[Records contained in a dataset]
┏━━

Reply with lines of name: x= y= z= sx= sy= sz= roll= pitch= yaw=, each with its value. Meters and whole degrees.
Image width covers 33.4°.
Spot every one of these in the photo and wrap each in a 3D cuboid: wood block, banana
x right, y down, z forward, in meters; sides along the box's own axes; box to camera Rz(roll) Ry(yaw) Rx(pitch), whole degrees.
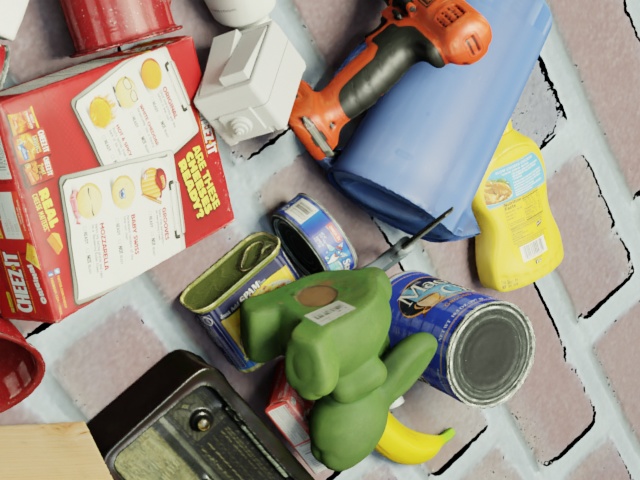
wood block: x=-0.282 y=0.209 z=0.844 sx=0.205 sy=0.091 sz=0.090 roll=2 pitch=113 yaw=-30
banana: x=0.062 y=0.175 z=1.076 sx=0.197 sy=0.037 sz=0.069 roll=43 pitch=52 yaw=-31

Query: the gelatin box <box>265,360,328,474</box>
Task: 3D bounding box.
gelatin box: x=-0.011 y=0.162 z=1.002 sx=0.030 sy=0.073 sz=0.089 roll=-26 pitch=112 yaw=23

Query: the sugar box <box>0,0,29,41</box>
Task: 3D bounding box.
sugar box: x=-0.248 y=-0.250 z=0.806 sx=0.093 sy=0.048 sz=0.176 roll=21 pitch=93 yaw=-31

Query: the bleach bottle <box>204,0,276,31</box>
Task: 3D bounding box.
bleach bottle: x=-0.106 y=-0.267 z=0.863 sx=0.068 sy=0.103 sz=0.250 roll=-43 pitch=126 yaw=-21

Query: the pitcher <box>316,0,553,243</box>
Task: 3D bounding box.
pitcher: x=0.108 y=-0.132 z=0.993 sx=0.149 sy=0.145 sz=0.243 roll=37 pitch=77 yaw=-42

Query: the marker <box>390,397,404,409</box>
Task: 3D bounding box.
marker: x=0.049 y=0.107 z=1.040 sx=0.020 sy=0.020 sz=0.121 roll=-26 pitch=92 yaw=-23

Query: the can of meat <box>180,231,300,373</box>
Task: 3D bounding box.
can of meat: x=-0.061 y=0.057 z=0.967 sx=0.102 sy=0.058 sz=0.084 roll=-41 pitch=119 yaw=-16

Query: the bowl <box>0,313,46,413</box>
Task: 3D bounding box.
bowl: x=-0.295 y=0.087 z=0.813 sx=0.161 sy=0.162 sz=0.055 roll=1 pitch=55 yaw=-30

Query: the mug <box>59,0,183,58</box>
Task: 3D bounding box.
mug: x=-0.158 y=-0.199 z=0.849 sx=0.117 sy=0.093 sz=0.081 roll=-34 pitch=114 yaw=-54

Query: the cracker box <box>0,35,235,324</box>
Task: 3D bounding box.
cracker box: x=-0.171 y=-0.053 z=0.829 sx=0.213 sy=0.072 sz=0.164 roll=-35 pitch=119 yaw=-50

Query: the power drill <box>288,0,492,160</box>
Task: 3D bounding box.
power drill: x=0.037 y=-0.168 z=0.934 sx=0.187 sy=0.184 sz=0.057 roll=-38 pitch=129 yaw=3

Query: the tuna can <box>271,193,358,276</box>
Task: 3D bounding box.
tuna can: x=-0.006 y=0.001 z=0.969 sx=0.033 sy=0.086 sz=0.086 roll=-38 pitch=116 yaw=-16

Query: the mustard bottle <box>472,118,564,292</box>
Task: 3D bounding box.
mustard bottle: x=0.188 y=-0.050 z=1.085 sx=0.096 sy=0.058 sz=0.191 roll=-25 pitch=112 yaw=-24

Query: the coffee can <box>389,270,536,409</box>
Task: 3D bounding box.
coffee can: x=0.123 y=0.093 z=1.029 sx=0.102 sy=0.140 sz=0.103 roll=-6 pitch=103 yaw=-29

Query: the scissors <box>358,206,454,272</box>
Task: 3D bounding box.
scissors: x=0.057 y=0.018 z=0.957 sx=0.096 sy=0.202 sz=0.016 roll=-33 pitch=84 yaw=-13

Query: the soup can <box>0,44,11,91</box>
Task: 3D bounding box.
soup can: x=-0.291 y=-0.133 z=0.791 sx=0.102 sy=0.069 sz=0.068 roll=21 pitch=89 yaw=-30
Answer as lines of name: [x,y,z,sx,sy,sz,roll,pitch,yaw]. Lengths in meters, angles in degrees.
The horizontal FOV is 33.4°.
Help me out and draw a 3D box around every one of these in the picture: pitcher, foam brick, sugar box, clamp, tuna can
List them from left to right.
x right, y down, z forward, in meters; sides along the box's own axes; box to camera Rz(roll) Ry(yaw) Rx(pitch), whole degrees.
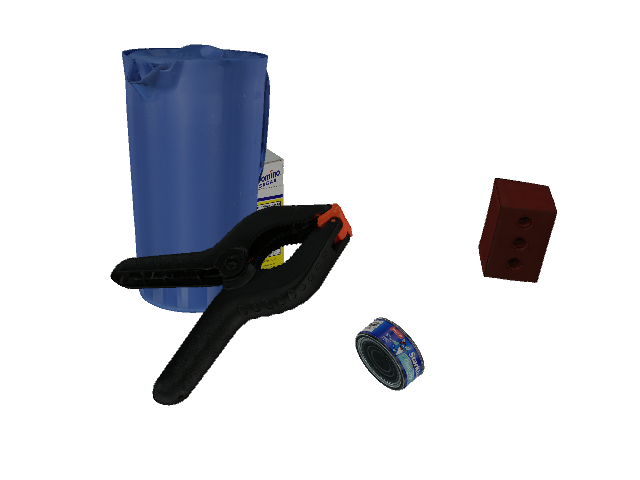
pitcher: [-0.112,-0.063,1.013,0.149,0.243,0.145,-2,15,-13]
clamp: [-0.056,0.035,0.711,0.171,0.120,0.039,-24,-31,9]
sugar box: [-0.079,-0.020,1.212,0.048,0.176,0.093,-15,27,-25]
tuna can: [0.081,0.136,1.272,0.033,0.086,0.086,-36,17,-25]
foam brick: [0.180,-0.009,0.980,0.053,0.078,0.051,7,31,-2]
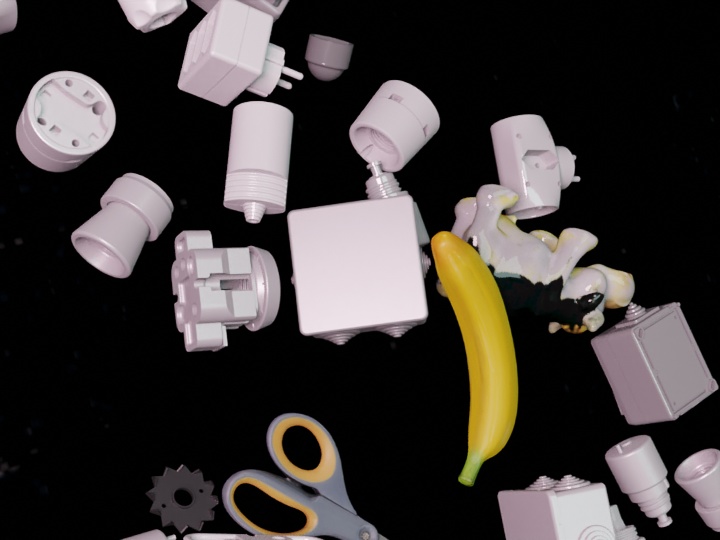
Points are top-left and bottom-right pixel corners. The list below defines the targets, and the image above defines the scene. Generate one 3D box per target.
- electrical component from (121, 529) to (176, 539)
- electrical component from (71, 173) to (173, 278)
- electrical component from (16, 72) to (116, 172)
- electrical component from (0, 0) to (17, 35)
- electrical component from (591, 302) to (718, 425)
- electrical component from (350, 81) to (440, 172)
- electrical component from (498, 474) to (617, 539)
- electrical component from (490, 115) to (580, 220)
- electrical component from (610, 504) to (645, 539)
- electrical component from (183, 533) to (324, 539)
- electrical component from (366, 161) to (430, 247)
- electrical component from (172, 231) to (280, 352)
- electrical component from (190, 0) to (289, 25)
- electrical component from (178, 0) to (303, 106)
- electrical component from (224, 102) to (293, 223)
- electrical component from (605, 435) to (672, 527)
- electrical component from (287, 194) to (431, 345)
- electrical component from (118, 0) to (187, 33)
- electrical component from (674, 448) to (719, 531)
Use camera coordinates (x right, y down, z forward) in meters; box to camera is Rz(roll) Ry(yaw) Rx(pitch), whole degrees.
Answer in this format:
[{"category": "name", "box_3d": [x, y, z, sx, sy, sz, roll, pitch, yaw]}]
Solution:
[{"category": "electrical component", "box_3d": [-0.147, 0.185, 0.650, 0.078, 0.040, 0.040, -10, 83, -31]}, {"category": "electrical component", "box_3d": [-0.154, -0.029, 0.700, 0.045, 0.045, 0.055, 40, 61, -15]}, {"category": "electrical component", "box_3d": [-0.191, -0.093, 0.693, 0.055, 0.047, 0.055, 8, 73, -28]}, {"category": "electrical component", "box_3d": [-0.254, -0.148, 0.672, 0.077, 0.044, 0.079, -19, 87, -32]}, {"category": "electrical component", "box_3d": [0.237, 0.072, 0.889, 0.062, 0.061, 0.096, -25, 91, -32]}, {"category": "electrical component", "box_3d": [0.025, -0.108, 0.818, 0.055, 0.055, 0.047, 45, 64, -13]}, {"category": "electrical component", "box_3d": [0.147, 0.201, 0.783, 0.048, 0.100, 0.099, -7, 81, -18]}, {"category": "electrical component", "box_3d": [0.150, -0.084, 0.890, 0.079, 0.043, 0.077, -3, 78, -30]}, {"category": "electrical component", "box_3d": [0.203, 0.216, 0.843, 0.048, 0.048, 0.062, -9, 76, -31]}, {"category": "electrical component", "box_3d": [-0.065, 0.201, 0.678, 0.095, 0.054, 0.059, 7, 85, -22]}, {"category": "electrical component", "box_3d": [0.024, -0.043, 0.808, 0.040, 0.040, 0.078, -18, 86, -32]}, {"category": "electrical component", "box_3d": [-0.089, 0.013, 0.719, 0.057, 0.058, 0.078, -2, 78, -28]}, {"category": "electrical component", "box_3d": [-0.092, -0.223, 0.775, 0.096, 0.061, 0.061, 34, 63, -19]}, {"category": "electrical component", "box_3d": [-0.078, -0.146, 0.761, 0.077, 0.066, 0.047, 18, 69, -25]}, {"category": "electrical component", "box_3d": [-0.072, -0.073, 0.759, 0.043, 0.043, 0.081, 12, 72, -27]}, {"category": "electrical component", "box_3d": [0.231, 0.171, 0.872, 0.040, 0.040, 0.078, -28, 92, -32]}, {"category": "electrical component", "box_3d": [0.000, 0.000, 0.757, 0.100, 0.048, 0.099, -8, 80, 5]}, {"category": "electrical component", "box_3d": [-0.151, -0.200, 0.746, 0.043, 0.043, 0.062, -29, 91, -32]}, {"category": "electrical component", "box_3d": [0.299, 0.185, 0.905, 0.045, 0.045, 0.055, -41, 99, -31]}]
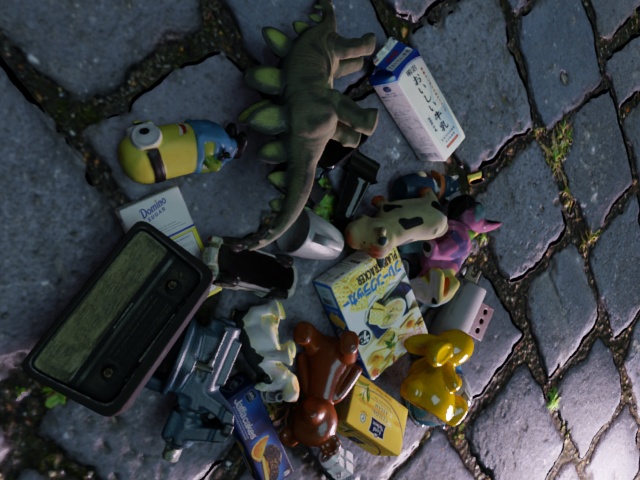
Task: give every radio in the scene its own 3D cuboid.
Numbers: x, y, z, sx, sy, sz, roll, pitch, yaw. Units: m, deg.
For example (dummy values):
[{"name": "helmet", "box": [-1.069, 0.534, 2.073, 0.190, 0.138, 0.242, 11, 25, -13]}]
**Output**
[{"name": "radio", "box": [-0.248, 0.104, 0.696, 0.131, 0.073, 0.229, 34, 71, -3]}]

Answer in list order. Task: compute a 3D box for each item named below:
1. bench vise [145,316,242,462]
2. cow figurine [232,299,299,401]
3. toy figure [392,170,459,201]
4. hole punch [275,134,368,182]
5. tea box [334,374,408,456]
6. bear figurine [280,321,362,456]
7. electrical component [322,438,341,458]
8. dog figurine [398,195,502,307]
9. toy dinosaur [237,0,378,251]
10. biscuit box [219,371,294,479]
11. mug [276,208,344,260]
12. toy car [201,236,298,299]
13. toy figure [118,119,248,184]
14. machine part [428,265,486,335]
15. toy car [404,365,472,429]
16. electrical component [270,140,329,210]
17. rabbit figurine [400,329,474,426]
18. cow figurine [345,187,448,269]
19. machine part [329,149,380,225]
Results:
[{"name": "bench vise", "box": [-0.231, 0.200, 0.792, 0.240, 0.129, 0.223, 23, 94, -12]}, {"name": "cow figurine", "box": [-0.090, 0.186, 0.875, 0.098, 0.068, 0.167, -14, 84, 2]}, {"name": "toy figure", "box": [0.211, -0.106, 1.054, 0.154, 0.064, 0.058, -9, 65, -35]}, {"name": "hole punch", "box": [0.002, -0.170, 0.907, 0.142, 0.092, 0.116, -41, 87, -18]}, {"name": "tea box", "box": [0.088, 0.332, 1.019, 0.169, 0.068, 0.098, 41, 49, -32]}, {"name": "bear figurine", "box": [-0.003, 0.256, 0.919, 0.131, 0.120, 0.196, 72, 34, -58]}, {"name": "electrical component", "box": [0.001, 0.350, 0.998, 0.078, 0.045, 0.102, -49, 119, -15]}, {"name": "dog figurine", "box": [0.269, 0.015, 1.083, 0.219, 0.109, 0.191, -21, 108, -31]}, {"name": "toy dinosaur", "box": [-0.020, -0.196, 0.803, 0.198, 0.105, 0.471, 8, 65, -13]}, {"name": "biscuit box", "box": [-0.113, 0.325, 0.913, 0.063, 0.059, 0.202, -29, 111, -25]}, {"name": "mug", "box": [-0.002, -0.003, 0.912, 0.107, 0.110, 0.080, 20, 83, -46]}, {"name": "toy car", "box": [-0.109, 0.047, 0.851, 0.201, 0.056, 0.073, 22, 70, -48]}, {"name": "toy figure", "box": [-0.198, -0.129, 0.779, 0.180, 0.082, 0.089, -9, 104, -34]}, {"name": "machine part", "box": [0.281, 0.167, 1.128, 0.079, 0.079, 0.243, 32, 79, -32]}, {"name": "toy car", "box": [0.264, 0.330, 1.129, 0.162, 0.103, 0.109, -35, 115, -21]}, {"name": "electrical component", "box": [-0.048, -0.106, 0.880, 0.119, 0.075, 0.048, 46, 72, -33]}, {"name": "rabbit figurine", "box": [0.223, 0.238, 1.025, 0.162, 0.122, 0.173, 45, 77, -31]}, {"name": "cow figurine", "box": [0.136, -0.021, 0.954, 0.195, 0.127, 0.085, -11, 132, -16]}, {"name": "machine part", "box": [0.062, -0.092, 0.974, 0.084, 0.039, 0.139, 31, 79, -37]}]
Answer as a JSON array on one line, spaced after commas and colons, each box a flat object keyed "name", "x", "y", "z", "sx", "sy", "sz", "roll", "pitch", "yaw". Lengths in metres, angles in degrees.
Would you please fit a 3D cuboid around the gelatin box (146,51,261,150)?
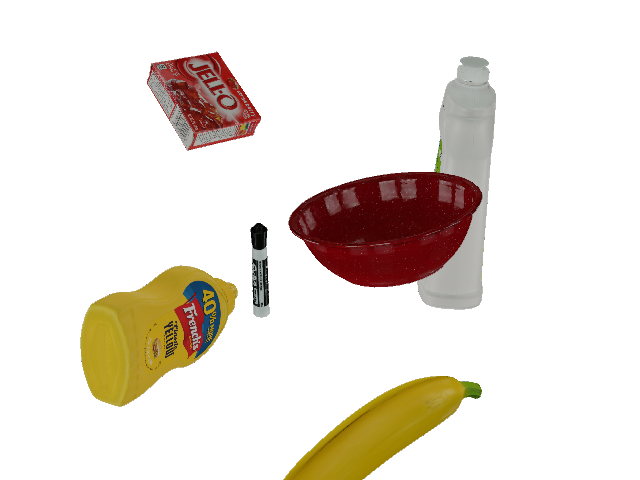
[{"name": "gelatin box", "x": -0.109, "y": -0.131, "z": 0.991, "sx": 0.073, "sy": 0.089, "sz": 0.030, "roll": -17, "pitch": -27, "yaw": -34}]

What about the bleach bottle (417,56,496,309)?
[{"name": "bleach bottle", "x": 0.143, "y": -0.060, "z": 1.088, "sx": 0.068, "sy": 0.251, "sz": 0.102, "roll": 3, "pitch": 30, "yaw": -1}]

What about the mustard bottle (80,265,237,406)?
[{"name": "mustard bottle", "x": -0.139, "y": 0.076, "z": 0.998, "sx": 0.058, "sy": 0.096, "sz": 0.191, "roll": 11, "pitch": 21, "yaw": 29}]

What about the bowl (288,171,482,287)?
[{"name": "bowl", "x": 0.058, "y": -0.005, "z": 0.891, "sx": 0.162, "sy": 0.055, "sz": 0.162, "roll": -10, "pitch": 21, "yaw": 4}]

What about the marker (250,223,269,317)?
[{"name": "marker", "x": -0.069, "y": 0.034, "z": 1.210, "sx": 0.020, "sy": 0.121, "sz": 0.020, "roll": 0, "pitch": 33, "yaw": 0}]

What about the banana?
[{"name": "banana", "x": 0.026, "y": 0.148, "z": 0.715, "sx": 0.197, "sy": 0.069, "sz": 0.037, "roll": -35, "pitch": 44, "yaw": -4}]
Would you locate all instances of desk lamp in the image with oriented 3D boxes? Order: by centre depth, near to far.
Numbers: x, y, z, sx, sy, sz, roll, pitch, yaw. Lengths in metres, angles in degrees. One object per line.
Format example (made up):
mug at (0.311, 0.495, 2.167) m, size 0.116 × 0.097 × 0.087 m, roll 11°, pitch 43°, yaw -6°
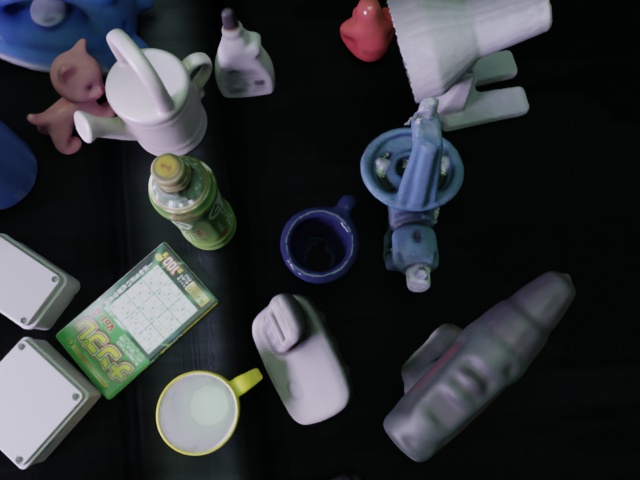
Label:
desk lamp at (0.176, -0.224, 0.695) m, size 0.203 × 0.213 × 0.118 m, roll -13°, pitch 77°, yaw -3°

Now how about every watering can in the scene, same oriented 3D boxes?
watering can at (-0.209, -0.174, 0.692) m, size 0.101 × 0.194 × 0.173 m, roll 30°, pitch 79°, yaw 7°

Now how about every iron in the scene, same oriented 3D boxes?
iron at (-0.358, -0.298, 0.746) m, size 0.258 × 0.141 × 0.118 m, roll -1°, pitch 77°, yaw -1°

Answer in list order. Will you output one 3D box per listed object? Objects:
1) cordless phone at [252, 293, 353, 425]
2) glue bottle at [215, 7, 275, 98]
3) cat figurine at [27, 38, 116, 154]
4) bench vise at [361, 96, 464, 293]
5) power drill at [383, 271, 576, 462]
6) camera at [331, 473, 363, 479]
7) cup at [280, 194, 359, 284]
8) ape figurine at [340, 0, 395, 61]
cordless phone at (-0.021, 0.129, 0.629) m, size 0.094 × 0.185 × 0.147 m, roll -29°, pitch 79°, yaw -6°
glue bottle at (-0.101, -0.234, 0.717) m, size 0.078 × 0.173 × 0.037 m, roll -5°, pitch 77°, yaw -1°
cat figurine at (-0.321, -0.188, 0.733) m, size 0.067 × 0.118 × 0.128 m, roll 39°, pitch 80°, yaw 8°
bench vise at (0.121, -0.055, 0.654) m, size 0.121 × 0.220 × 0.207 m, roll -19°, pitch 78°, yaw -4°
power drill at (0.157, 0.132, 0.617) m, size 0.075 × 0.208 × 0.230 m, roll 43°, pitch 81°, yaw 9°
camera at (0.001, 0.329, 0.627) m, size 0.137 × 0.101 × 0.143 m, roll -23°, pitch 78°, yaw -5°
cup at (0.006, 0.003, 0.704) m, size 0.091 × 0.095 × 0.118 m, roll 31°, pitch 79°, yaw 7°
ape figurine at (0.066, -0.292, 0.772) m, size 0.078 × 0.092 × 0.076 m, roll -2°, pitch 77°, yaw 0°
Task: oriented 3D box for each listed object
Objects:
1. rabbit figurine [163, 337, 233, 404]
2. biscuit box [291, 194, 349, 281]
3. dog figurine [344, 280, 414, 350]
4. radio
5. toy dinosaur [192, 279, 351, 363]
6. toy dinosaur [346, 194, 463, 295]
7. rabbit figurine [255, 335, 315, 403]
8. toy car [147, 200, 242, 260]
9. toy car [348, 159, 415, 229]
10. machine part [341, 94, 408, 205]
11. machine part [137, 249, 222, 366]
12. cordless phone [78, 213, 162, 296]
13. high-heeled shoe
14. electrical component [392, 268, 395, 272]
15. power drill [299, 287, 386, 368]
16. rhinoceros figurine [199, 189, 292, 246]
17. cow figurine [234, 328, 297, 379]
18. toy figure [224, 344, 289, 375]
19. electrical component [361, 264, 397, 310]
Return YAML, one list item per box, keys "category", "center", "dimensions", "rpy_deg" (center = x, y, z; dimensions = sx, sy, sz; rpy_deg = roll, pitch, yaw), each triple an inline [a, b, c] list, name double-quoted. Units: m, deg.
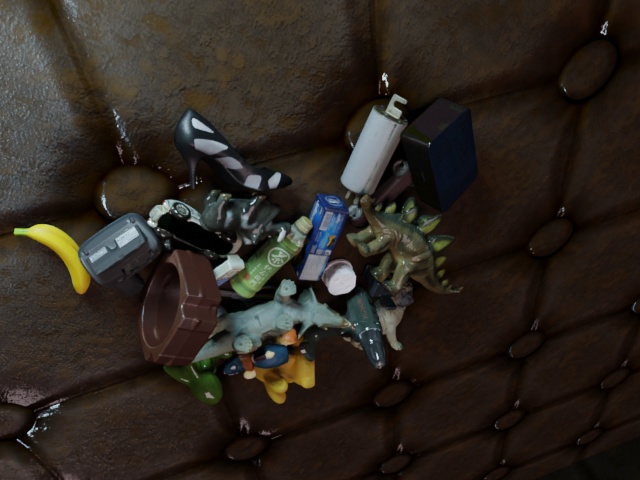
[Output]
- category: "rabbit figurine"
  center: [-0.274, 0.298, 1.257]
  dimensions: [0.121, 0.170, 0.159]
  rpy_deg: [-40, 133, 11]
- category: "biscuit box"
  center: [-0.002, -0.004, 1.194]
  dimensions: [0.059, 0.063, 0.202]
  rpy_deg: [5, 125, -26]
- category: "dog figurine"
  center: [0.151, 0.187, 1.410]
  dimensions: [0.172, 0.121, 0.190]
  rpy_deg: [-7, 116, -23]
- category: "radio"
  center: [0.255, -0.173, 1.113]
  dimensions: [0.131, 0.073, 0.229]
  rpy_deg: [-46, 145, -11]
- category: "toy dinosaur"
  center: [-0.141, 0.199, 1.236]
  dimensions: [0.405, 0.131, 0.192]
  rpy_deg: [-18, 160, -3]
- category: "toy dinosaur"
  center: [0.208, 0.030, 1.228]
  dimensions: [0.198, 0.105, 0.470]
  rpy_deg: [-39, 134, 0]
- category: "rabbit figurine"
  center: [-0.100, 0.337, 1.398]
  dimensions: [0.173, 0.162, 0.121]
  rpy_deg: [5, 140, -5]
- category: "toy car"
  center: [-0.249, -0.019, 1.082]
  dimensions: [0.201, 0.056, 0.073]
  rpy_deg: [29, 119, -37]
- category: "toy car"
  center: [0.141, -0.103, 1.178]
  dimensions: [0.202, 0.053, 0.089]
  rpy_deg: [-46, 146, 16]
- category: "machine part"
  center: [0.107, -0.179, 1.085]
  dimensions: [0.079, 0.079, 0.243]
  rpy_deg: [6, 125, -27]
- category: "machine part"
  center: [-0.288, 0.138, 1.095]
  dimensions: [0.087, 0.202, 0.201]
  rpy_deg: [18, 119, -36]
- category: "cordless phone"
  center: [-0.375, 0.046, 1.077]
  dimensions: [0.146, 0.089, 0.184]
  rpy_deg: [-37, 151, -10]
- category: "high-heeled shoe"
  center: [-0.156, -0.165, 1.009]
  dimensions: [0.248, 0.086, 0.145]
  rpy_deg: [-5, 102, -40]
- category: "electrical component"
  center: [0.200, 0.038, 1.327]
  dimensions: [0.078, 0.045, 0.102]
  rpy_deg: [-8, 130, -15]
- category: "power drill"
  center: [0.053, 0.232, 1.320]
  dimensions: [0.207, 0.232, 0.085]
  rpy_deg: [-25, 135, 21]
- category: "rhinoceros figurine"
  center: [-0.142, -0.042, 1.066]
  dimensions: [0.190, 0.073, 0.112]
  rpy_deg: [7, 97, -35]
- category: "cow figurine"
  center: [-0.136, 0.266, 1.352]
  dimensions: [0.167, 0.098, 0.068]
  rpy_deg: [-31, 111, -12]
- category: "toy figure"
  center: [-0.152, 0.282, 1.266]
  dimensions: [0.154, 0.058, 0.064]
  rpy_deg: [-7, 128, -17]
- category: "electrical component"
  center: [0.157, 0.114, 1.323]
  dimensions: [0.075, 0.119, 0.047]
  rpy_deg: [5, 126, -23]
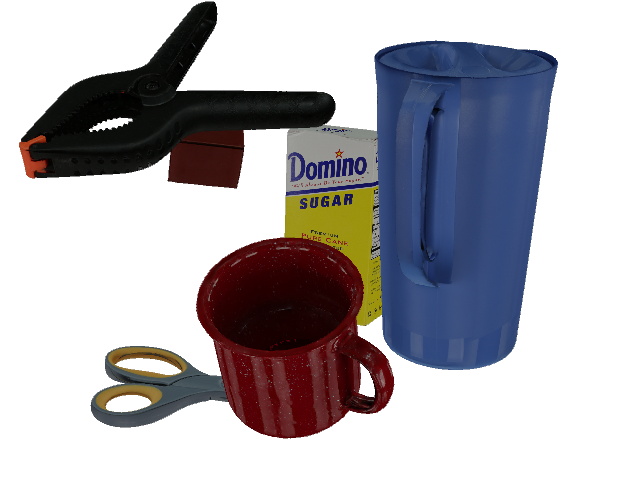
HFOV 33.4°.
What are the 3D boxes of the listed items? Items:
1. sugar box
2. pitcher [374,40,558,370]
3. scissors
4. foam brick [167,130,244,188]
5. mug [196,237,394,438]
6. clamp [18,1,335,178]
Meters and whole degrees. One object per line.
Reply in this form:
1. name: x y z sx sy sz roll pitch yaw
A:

┗━━

* _Your goal_:
Scan the entries above for the word "Lengths". Report the lines that hold it.

* _Expected answer_:
Answer as lines of name: [x,y,z,sx,sy,sz,roll,pitch,yaw]. Lengths in meters, angles in degrees.
Answer as a JSON array on one line, spaced after commas and colons, each box a flat object keyed "name", "x", "y", "z", "sx", "sy", "sz", "roll", "pitch", "yaw". Lengths in metres, angles in degrees.
Numbers: x, y, z, sx, sy, sz, roll, pitch, yaw. Lengths in metres, angles in degrees. One object per line.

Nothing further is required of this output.